Convolution layers are great in recording the exact area of highlights of the picture. A major issue for convolution neural networks is that they compute the particular highlights from a given picture and any adjustment of the picture, for example, zooming, panning and some other actual change brings about mistaken forecasts at the end of the day you can say that they are interpretation variation implies they will be changed if there is any actual interpretation.
To make the learned features more smooth average pooling is commonly used which results in downsampling the input image by learning the average features in (2,2) window located in the result of the previous convolution. Let us clarify this with an example.

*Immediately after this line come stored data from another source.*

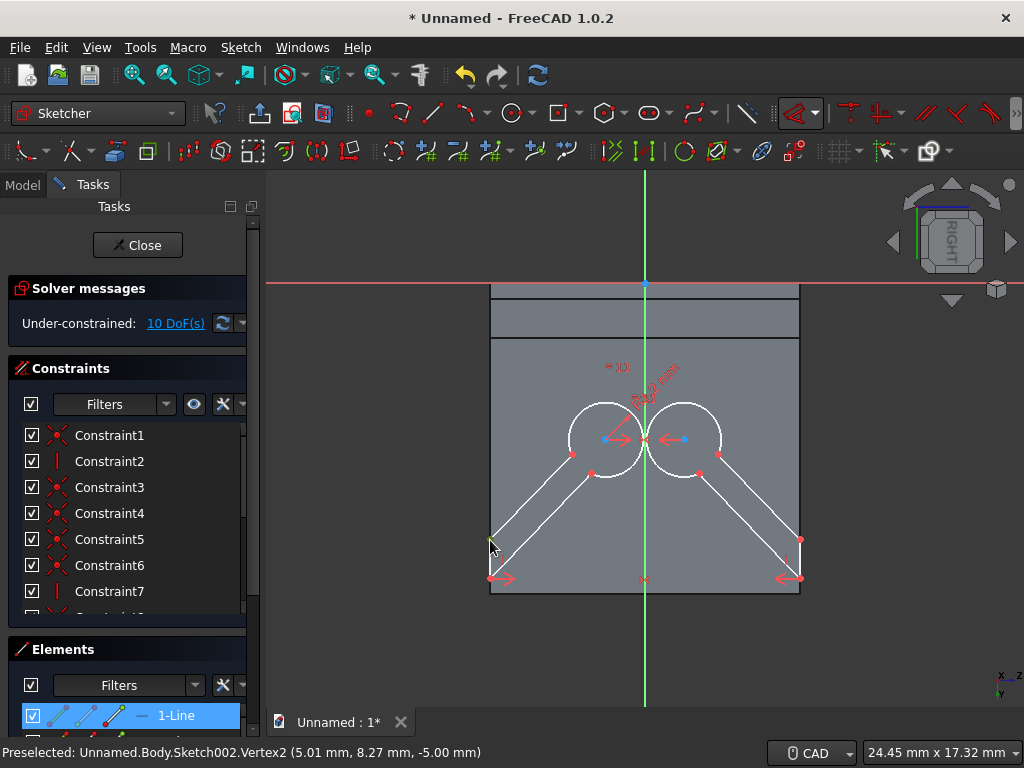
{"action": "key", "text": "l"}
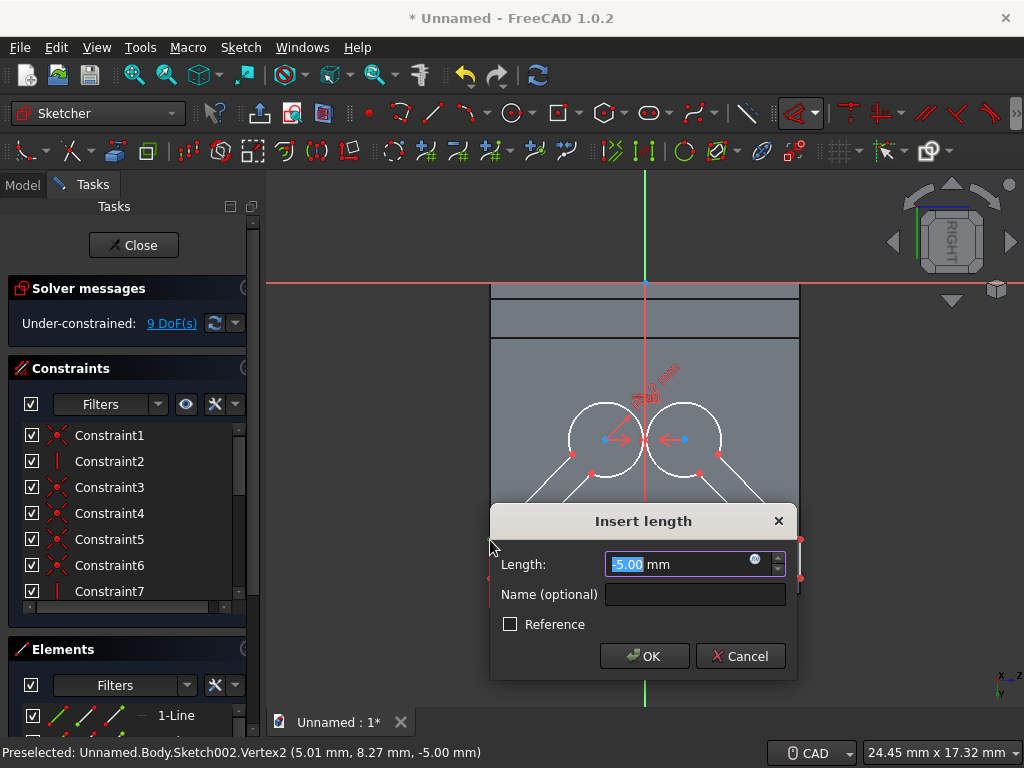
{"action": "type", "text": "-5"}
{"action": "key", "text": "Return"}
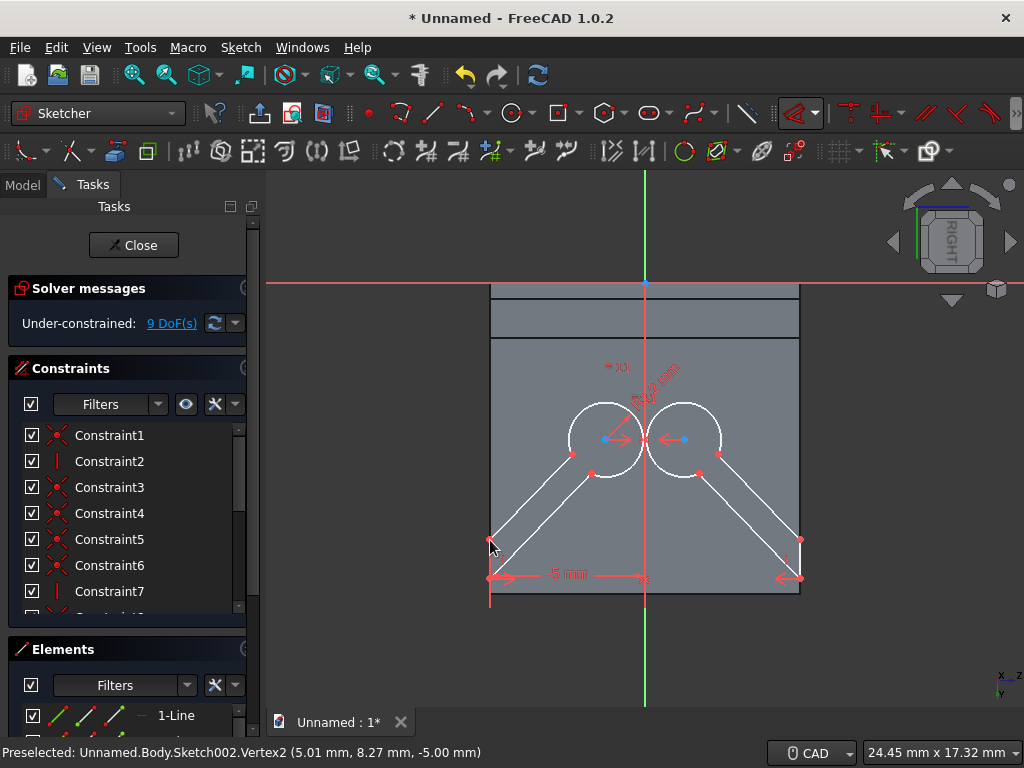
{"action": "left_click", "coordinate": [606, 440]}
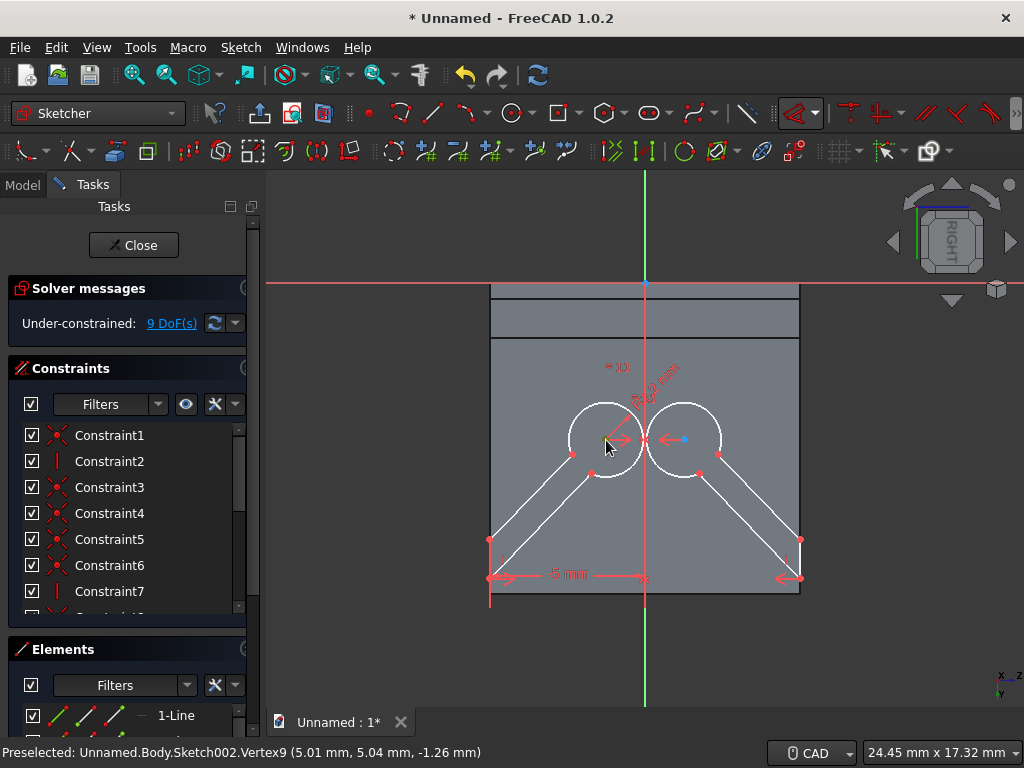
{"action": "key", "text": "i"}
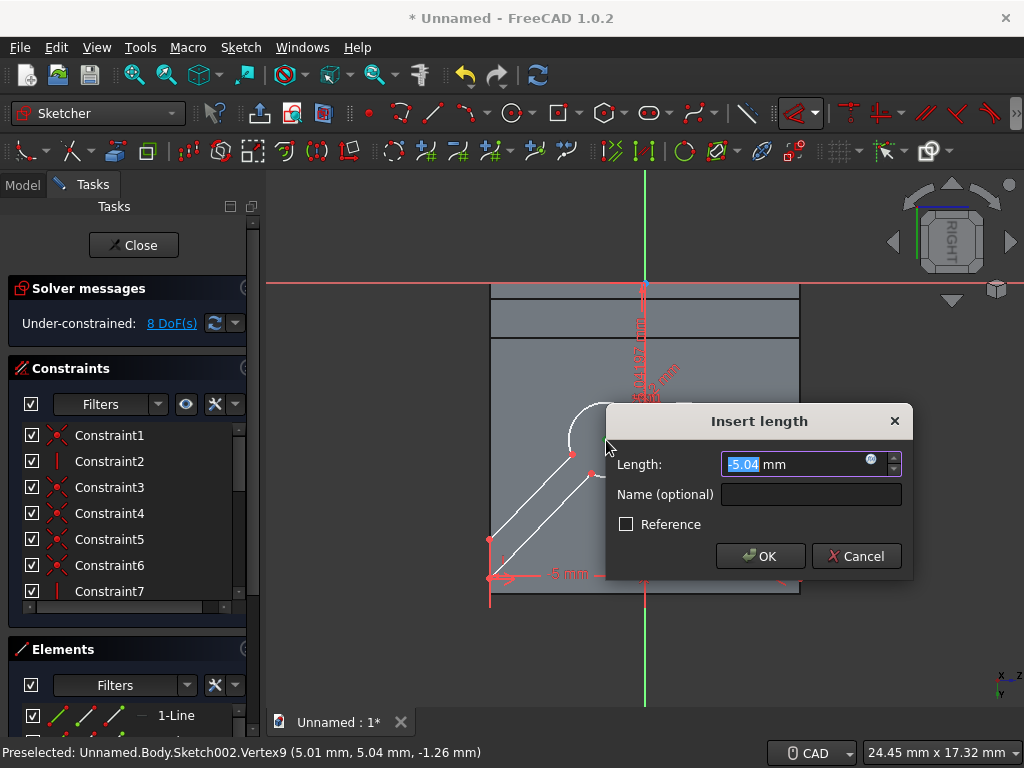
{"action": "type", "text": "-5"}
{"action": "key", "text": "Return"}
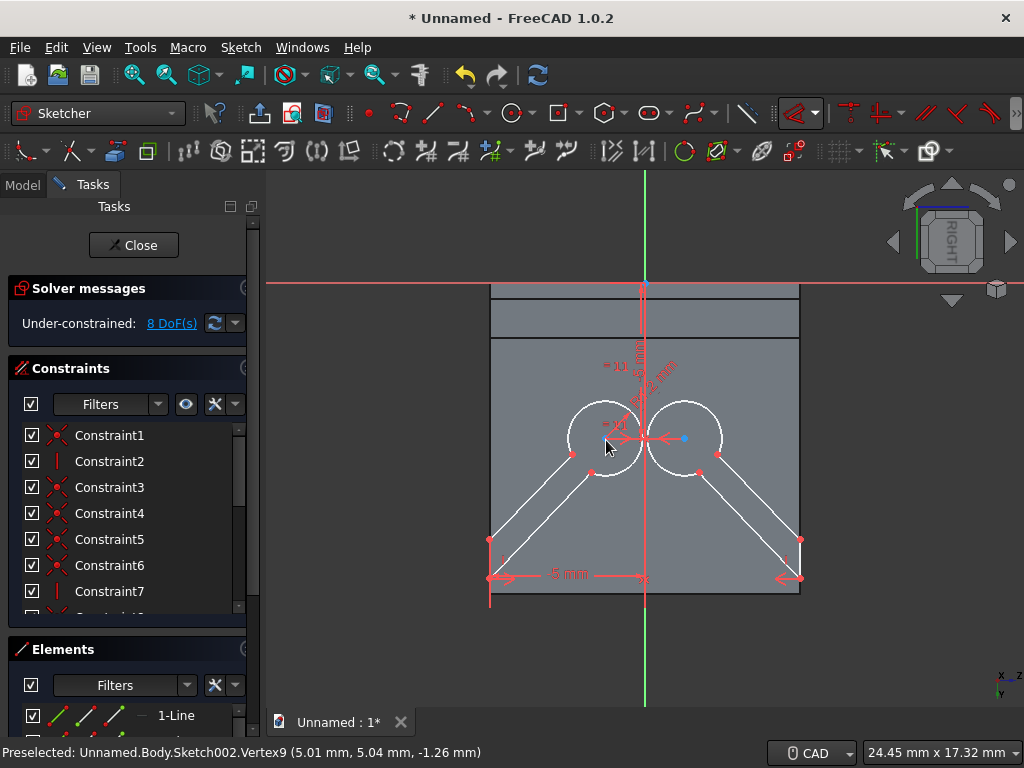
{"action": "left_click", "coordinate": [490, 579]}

Suppose that we have an input two-dimensional padded matrix:
We will use a vertical line detector kernel to detect vertical lines; the filter is also a two-dimensional matrix and would look as follows:
The result of convolution operation would look as:
Now we will use the average-pooling layer to learn the average features in a (2,2) window from the resultant matrix, the operation looks as follows:
Average (0.0, 2.0) = [1.25]
Since our output from the convolution operation is a (3,3) matrix, average-pooling would only look at the first (2,2) window and by default average pool layer has a stride of 2 so it will skip the others as it will be out of its scope but would output the most average feature calculated as:
Average = (0.0 + 2.0+ 0.0+ 3.0)/4 = [1.25]
Average pooling makes the convolution operation smoother. It adds a small amount of translation invariance, which means that if input images are translated by a small amount, the result will not be affected.